Gaiman began his writing career in England as a journalist. His first book was a Duran Duran biography that took him three months to write, and his second was a biography of Douglas Adams, Don't Panic: The Official Hitch Hiker's Guide to the Galaxy Companion. Gaiman describes his early writing: "I was very, very good at taking a voice that already existed and parodying or pastiching it." Violent Cases was the first of many collaborations with artist Dave McKean. This early graphic novel led to their series Black Orchid, published by DC Comics.
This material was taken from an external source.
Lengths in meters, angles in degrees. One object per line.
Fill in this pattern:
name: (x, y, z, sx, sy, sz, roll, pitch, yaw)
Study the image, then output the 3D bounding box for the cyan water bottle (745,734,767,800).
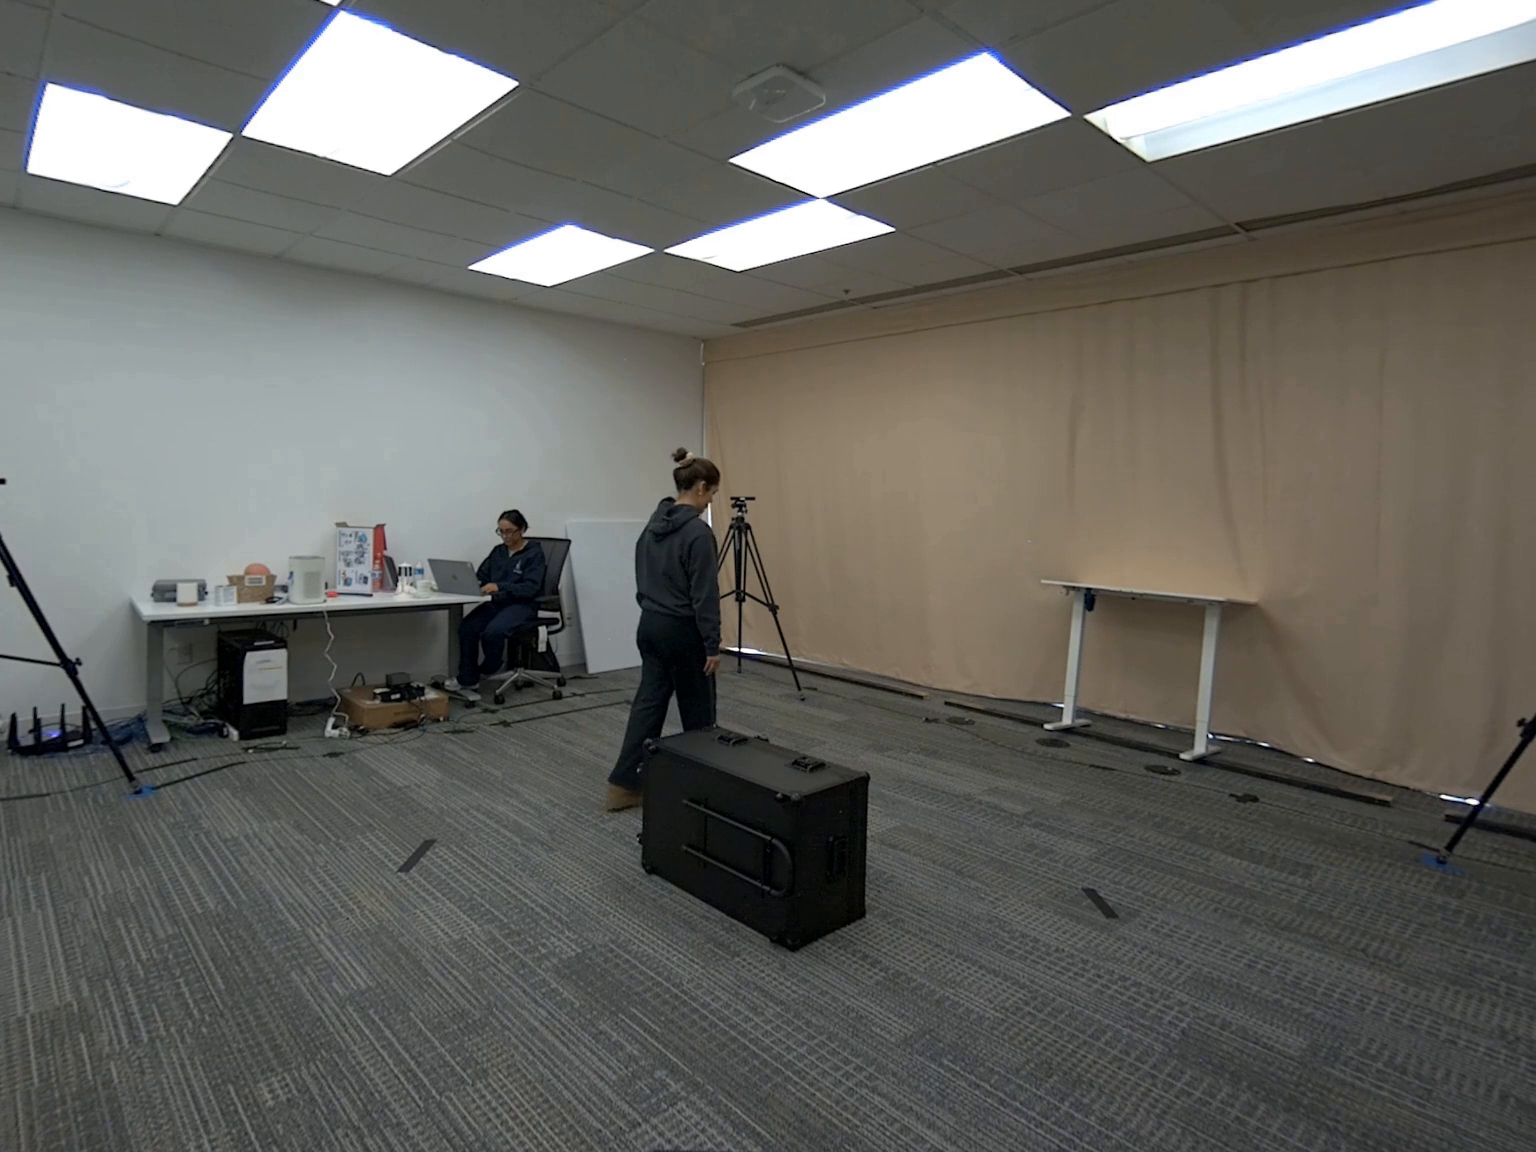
cyan water bottle: (-0.060, 0.901, 4.011, 0.092, 0.283, 0.092, 1, 2, -1)

The groundbreaking series Sandman followed, collecting a large number of US awards in its 75 issue run, including nine Will Eisner Comic Industry Awards and three Harvey Awards. In 1991, Sandman became the first comic ever to receive a literary award, the 1991 World Fantasy Award for Best Short Story.

Neil Gaiman is credited with being one of the creators of modern comics, as well as an author whose work crosses genres and reaches audiences of all ages. He is listed in the Dictionary of Literary Biography as one of the top ten living post-modern writers and is a prolific creator of works of prose, poetry, film, journalism, comics, song lyrics, and drama.

Gaiman has achieved cult status and attracted increased media attention, with recent profiles in The New Yorker magazine and by CBS News Sunday Morning.